There’s a new shake up happening in the sports industry at the moment, and in one of the main organiser’s words, traditional sports “Can’t see if coming”.
Last week BBC radio produced a great programme called “The Rise of the Cyber Athletes” – it’s one of those radio programmes where they place a camera in the studio which kind of converts it into a standard TV programme…
The audience for watching cyber athletes compete in international electronic games tournaments is growing very quickly. And that audience is bringing considerable revenues and investment.
Cyber athletes have sports nutritionists, sports psychologists, training camps, rigorous training regimes – often up to 16 hours a day, and attract large audiences to live events.
Tournaments take place in traditional stadia such as Wembley Stadium, or US Ice Hockey venues, and can pull in live crowds of 8-50,000. On top of that, a million viewers will watch the competitions live online. Weekend tournament can attract over 7 million viewers.
The most well-known live game streaming websites is Twitch, which was bought by Amazon last summer for $970 million. Twitch’s average view time for a video is 109 minutes. This is double the length of other video websites’ view times, and starts encroaching on traditional TV channel view times.
Twitch has high quality videos.

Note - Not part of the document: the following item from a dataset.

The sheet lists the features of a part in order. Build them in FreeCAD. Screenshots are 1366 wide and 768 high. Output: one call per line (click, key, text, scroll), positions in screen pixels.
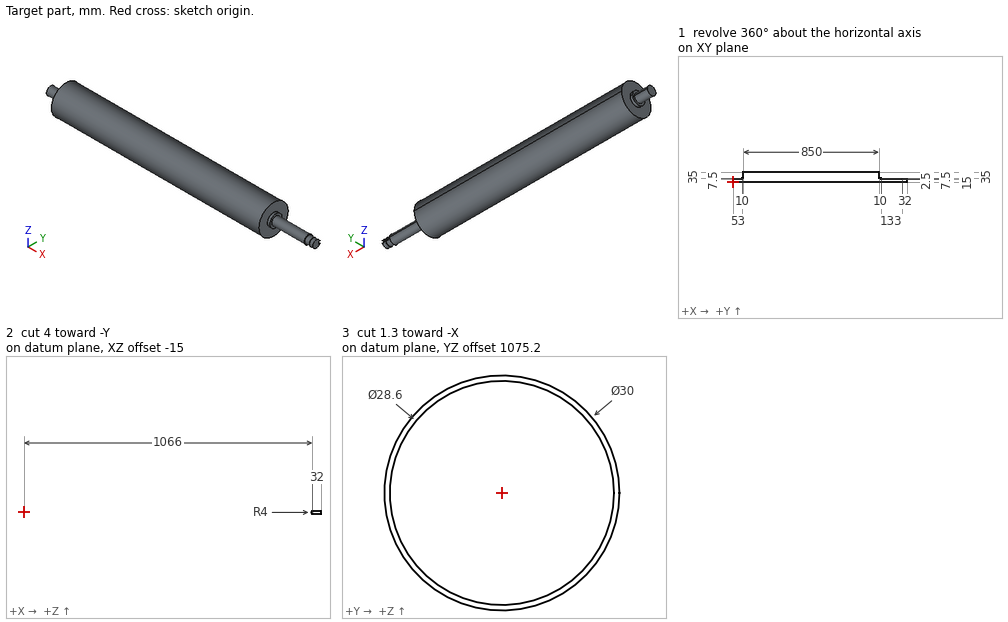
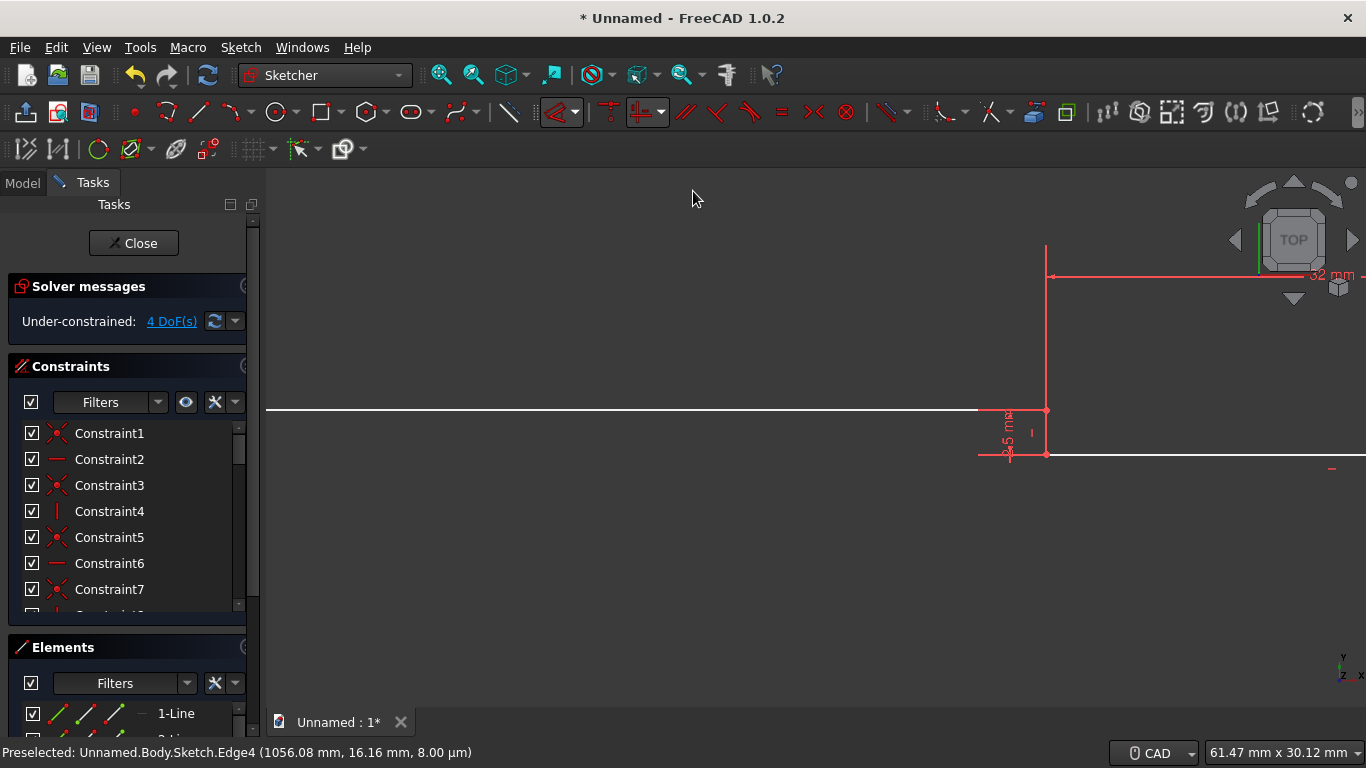
scroll(1124, 448, down, 16)
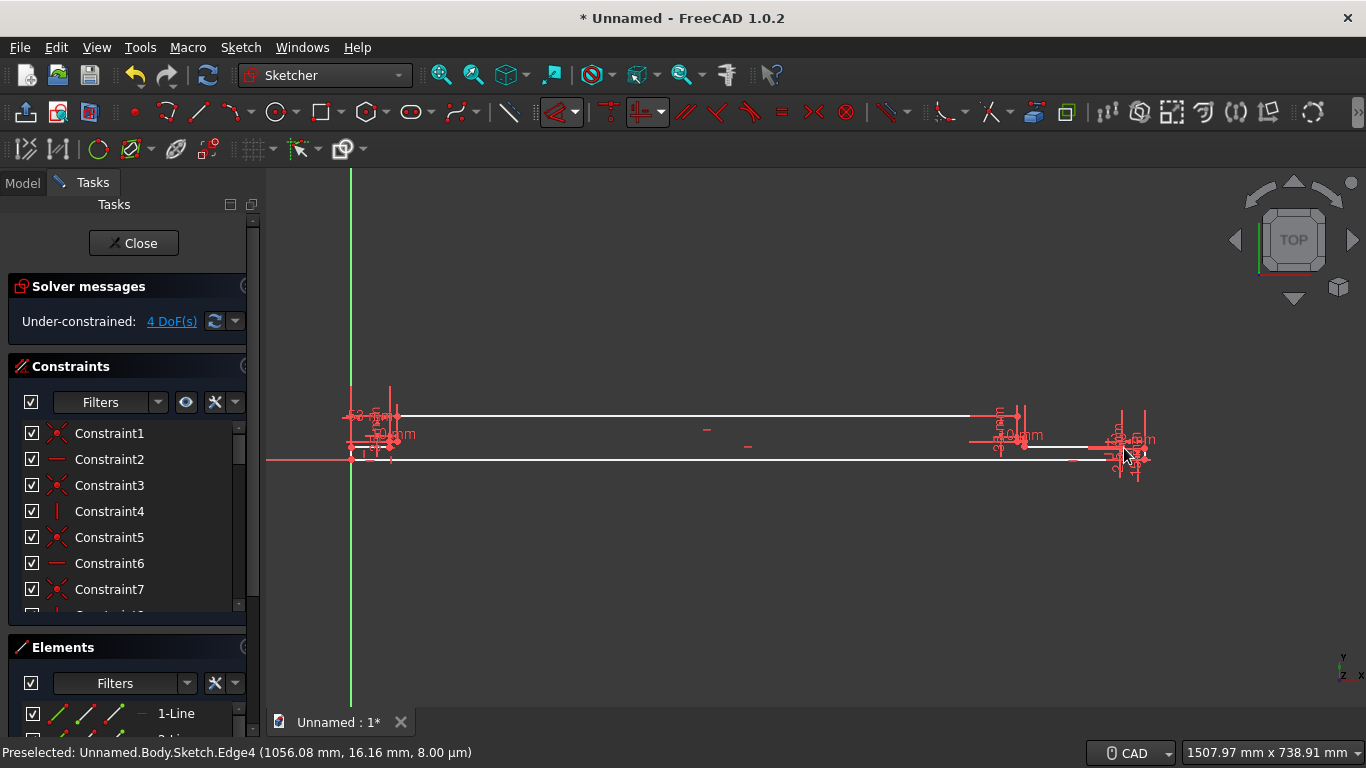
click(1092, 447)

Webcams stream the player and what they are saying to other players, and video overlays show the money they’ve earned and key subscribers.

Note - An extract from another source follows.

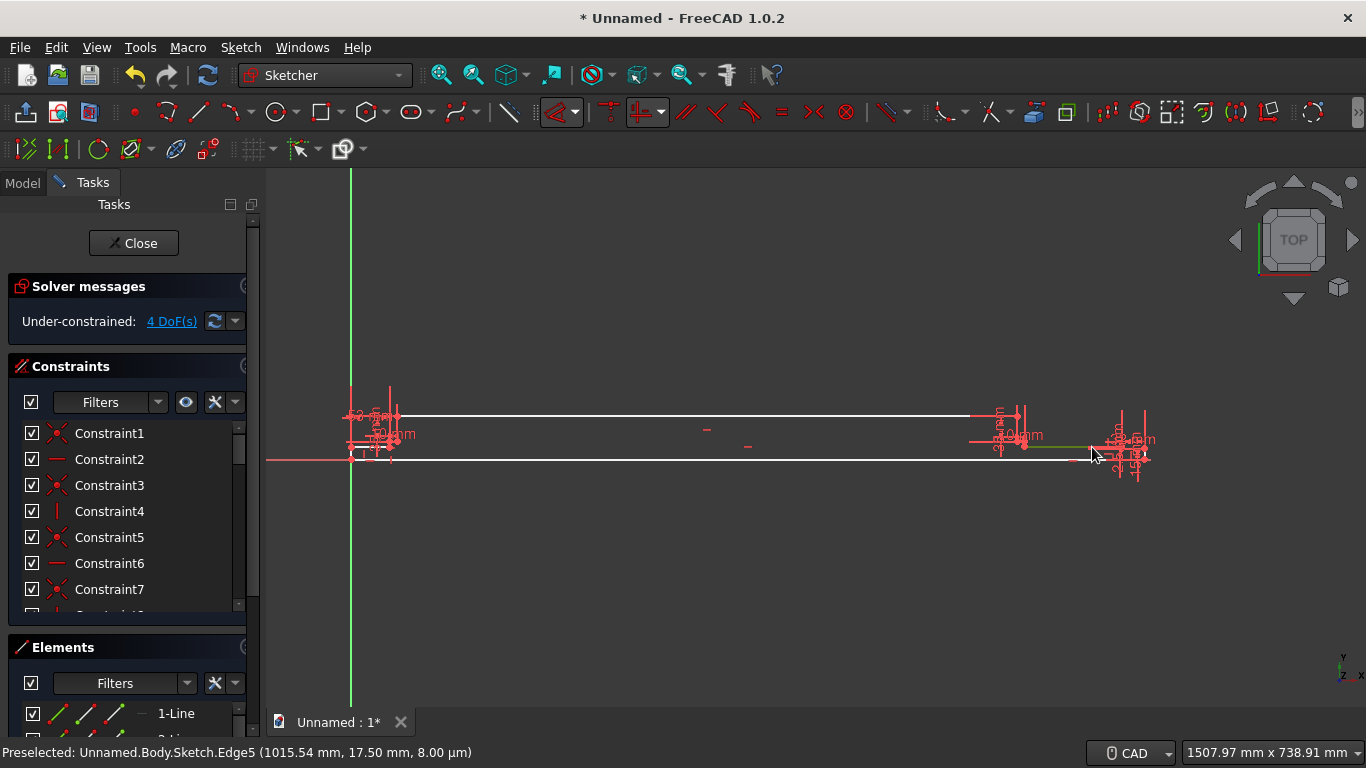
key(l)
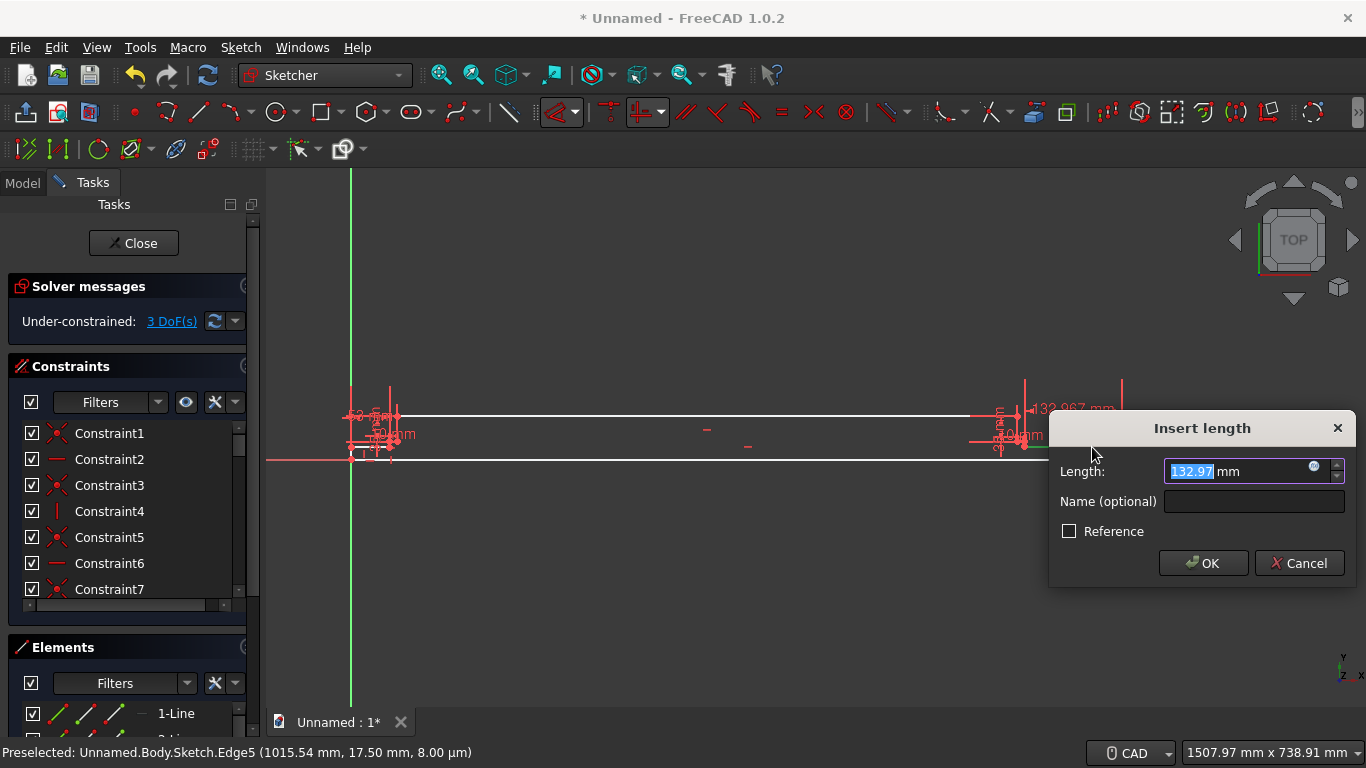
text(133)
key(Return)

Like traditional sports, there are team uniforms, sponsorship packages and endorsements, where players can earn £200,000 a year.

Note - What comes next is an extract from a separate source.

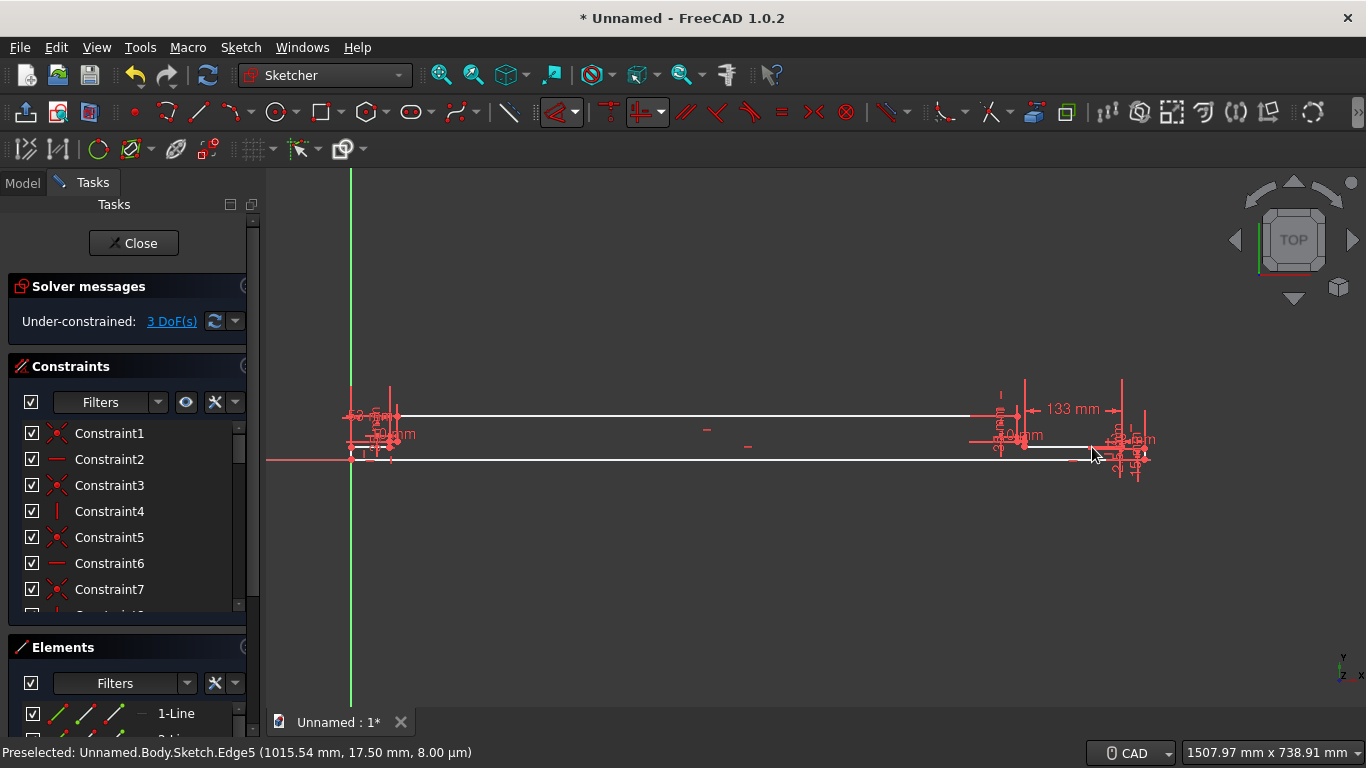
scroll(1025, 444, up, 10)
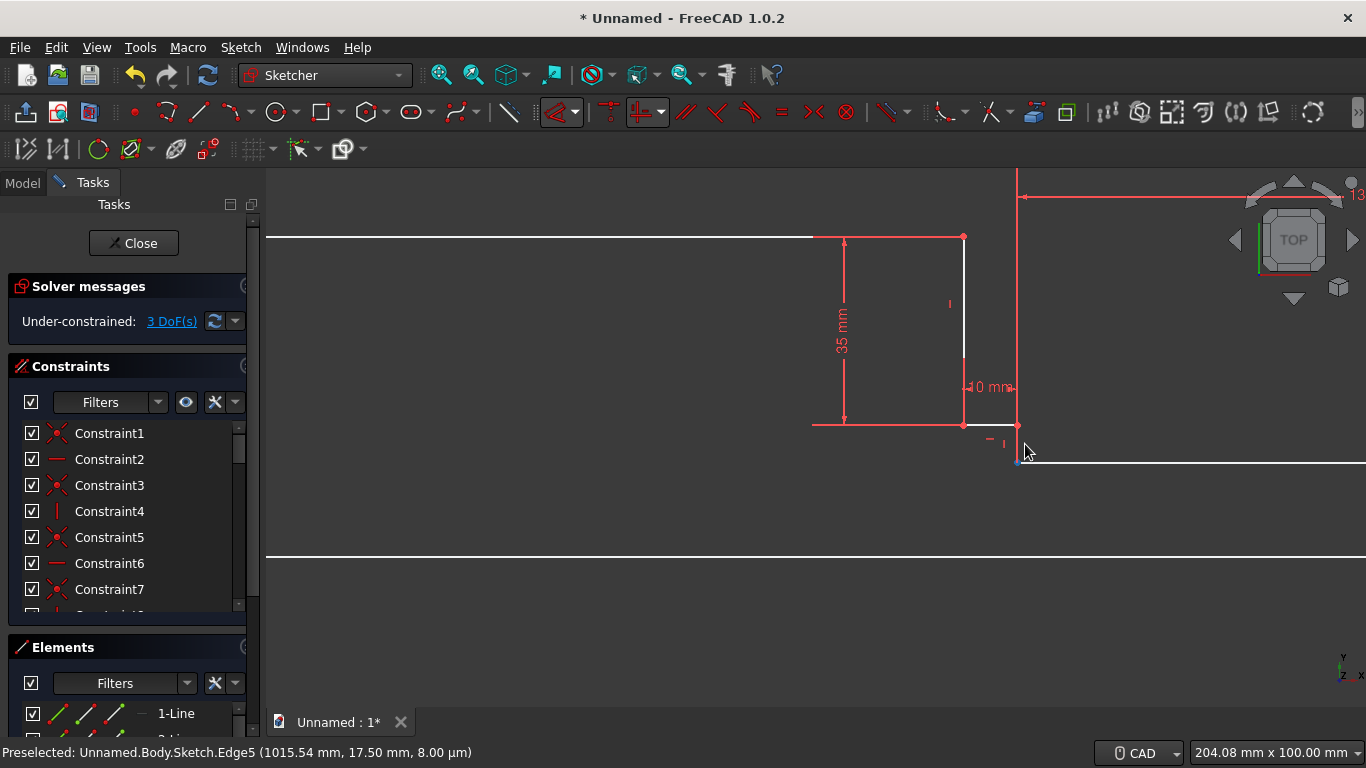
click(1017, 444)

Unlike other sports, cyber athletes can earn so much from just Twitch that they retire from playing the sport competitively. It’s like paying to watch a golfer on a driving range, who has retired at the peak of their game.
To put the size of the sport into perspective, it already has a global audience the same magnitude as ice hockey and tennis. A major difference is that this global audience is a real size not an estimated size by Nielsen.
At the moment the professional players and organisers have no interest in TV coverage. It’s easy to say that young people don’t watch TV – but these spectators really don’t. They watch Twitch for a couple of hours a day instead.
One of the most astounding comments during the programme was when a young journalist flippantly started a description “The first time I came to a cyber-sport tournament I’d never been to a live stadium event before…”
I think the organiser is right when he said “Traditional sports can’t see it coming.”
The iPlayer video is only available until mid-February: http://www.bbc.co.uk/iplayer/episode/b050ssz2/the-rise-of-the-cyber-athletes
Update (19 February 2015):
Vue cinemas have joined forces with Gfinity, a company which promotes e-Sports in the UK. On 17 February they announced that the Vue cinema in Fulham Broadway, London will be converted into a gaming arena.
The press announcement, of a wider partnership between Gfinity and Vue, sounds like other cinemas may also be converted as gaming arenas.
Vue are in a challenging industry as their most recent financial report describes (revenue and profits are down YOY, 9.9% and 18.1% respectively) and e-Sports appears to be a great investment opportunity at this time.